- Krishnapuram Location in Tamil Nadu, India Krishnapuram Krishnapuram (India)
- Coordinates: 9°25′32″N 77°30′26″E﻿ / ﻿9.42556°N 77.50722°E
- Country: India
- State: Tamil Nadu
- District: Virudhunagar

Languages
- • Official: Tamil
- Time zone: UTC+5:30 (IST)
- PIN: 626143
- Nearest city: Rajapalayam
- Lok Sabha constituency: Tenkasi
- Vidhan Sabha constituency: Rajapalayam

= Krishnapuram, Virudhunagar district =

Krishnapuram is a village in the Virudhunagar district in the state of Tamil Nadu, India. It is located on Kollam-Tirumangalam Road National Highways 744 and is about 7 km from Rajapalayam.

==Agriculture==
Agriculture is the main occupation of the Krishnapuram people. Krishnapuram is bounded by farmlands and crop fields in all directions. Most of the farming includes coconut, paddy rice, mango, sugarcane, cotton, millet, root and tuber crops, maize, cucumber, pumpkin, and numerous fresh vegetables. There are no mango farms in Krishnapuram. Most of the farms are seen on the outskirts of the village and in the nearby Ayyanar Koil Forest Area or Western Ghats. As mango farming is a seasonal one, most of the village farmers are busy cultivating mango during the summer season. And the ripened mangoes are quite famous around the Krishnapuram locales.

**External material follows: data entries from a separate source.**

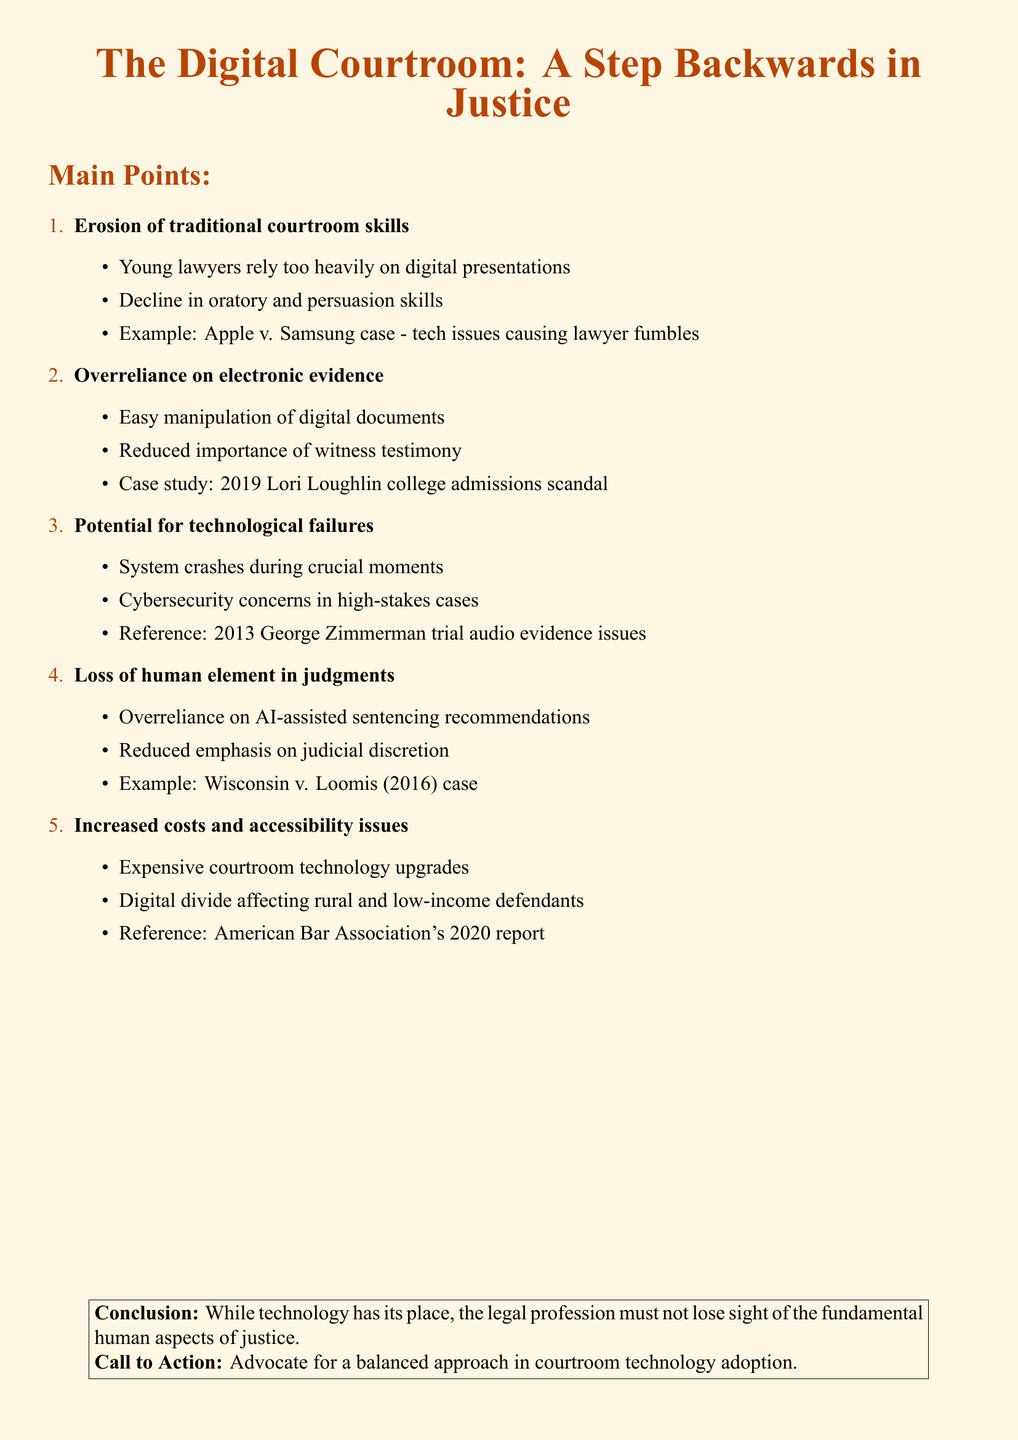What is the title of the op-ed piece? The title is explicitly stated in the document as the main heading.
Answer: The Digital Courtroom: A Step Backwards in Justice What is one example of a case mentioned regarding digital presentations? The document references specific cases to illustrate points, including a high-profile case involving technology issues.
Answer: Apple v. Samsung In which case was email evidence crucial? The document provides a case study to show the overreliance on electronic evidence, highlighting specific incidents.
Answer: 2019 Lori Loughlin college admissions scandal What year was the George Zimmerman trial? The document references a specific year related to the technological failures that occurred during a trial.
Answer: 2013 What does the conclusion emphasize about technology in the legal profession? The conclusion provides a summary that reflects the overall stance of the document regarding the role of technology.
Answer: Fundamental human aspects of justice What is a significant issue mentioned regarding costs? The document discusses specific challenges and financial implications related to technology in courtrooms.
Answer: Expensive courtroom technology upgrades What should be advocated for according to the call to action? The document ends with a specific suggestion for actions that should be taken in response to the points discussed.
Answer: Balanced approach in courtroom technology adoption What is one skill that young lawyers are losing according to the document? The document highlights the decline in specific skills among younger lawyers related to courtroom practices.
Answer: Oratory skills What problem does the digital divide create according to the document? The document discusses the impact of technology disparities on certain demographics within the legal system.
Answer: Accessibility issues

Most of the irrigation processes are carried out in traditional ways. The sources of irrigation water are mostly wells, and in some cases, surface water is being pumped into the farmlands.

==Politics==
Krishnapuram comes under Rajapalayam (State Assembly Constituency) and Tenkasi (Lok Sabha constituency) which is incumbent by Thanga Pandiyan (DMK) and Dr. Rani Srikumar (DMK) respectively.